I would say the first thing you need to do is launch with enough content that the readers that come by have something to actually look at and get interested in. I'm fine with one page updates over all, but at the very beginning, you need the extra oomph to hook 'em.

Otherwise it's kinda the same stuff you always need. A good icon/thumbnail to grab attention, a well written description to help them decide if your story interests them.

And then naturally I followed that up with some relevant promotion, but I don't actually do much of that.

I peruse different sections at random, but I find a number of series through stalking through other peoples reading lists. :smile:

I started off by joining Tapas because my close friend joined. I already had someone with a decent subscriber count that I could depend on to help trade subscribers with.

On another note, I am already established on other platforms prior to Tapas, such as on Deviantart, Twitter, and so forth.

After that, you tend to just get subs more easily when you continue making more series as a single creator.

by launching
there is no secret formula launch your comic and pray for the best =|
if you got great art you already have a good first impression
art catches the eye more than any story can sadly -_-

The best advice about making a good impression in a launch is: do your best! Don't "save" for later you best cover, drawing, pages. This is it, people don't usually give you a second chance because there are too many other comics.

:cry: So, here is the sad story of my launch: My fisrt pages had a very unattractive written introduction, of course it scared many potential readers and thanks to feedback I redraw it and looks way better. I wish I had known that.

You are right about the "fresh" section, it is useless to get viewers, you get kicked out from there in less than 10 minutes, because many others are updating their comics too. Unless you get featured there is no other way to get readers than promote your comic and have beautiful art. (I whish I could say have a good story as well, but being realistic many readers chose visuals over story)

I moved from DeviantArt to Tapas when I started, so I had about 30 pages already made. What I did was posting a page every day until I was caught up. It gave me a pretty good start. I didn't know about the Fresh section at the time, but I think being in the fresh section every day for a month might have helped?

Also, do your utmost to ensure that the quality of all your work is of high standards. That means great content, amazing artwork (comic) and near-perfect or perfect grammar.

These are crucial in gaining and maintaining an audience. If you examine the most successful comics/ novels on this platform, most have all these elements.

That's not to say that there aren't amazing works that get ignored all the time. It happens due to the large volume of creators.

Apart from Tapas, you can join internet forums or social media groups where people are interested in content similar to yours and direct them to your page.

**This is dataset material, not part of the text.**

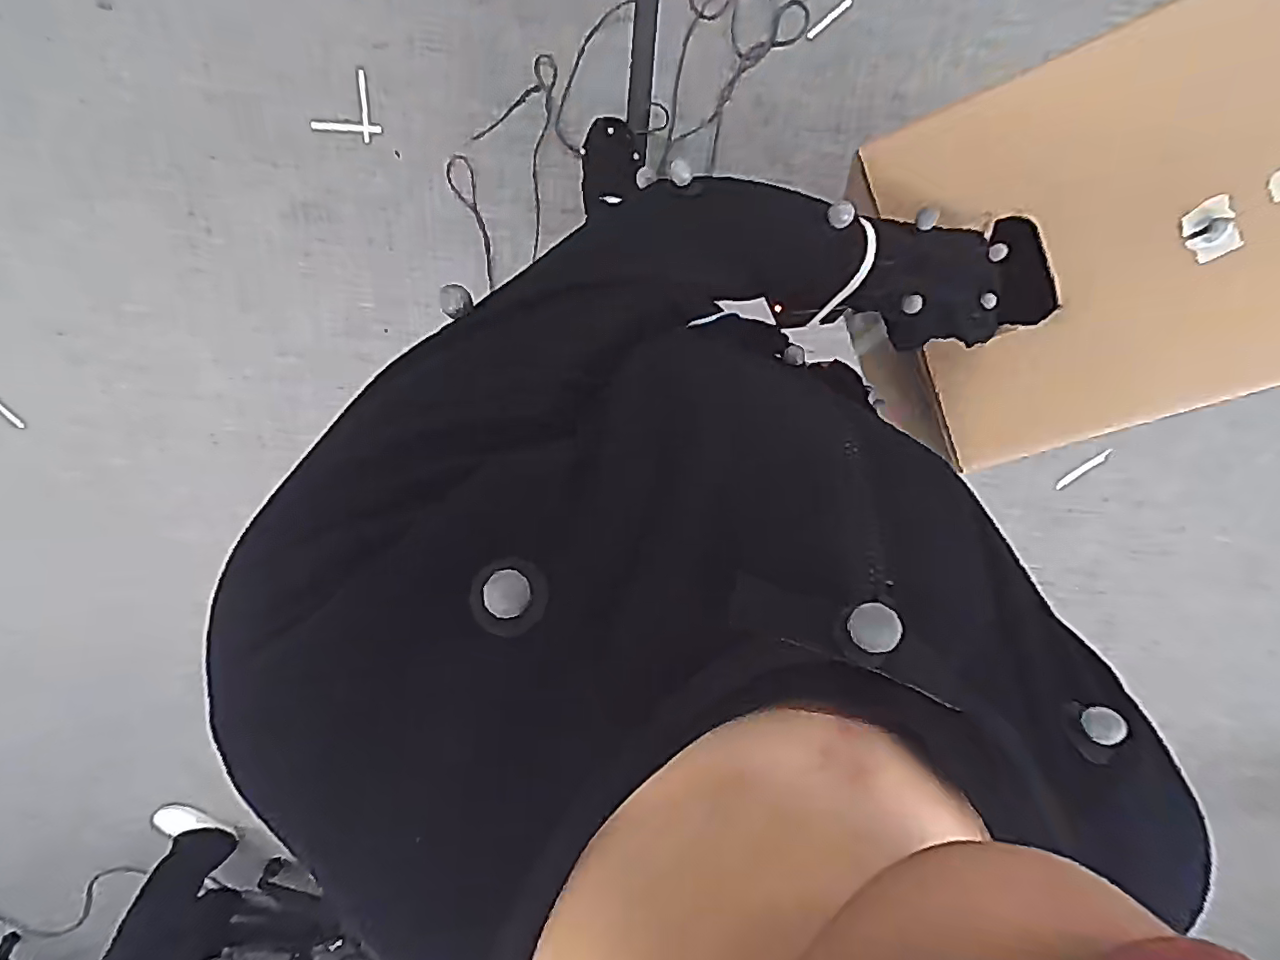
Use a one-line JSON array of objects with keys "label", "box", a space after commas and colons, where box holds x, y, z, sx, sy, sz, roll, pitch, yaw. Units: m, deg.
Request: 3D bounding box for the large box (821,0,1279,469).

That's just my opinion. Keep up the good work JimComics.

First of all, thanks so much for the great insights everyone, it's exactly what I wanted to hear. I did want to clarify again, I'm not asking how to get subs and likes, I'm asking how to get initial views. You can have the highest quality art and story in existence that means nothing if it never gets seen.

Can I ask how your first initial readers came? What I'm hearing from this thread is mostly what I suspected. Very very few people get subscribers on Tapas from Tapas unless they are featured. That's fine, but it's important to understand when coming up with a plan to promote!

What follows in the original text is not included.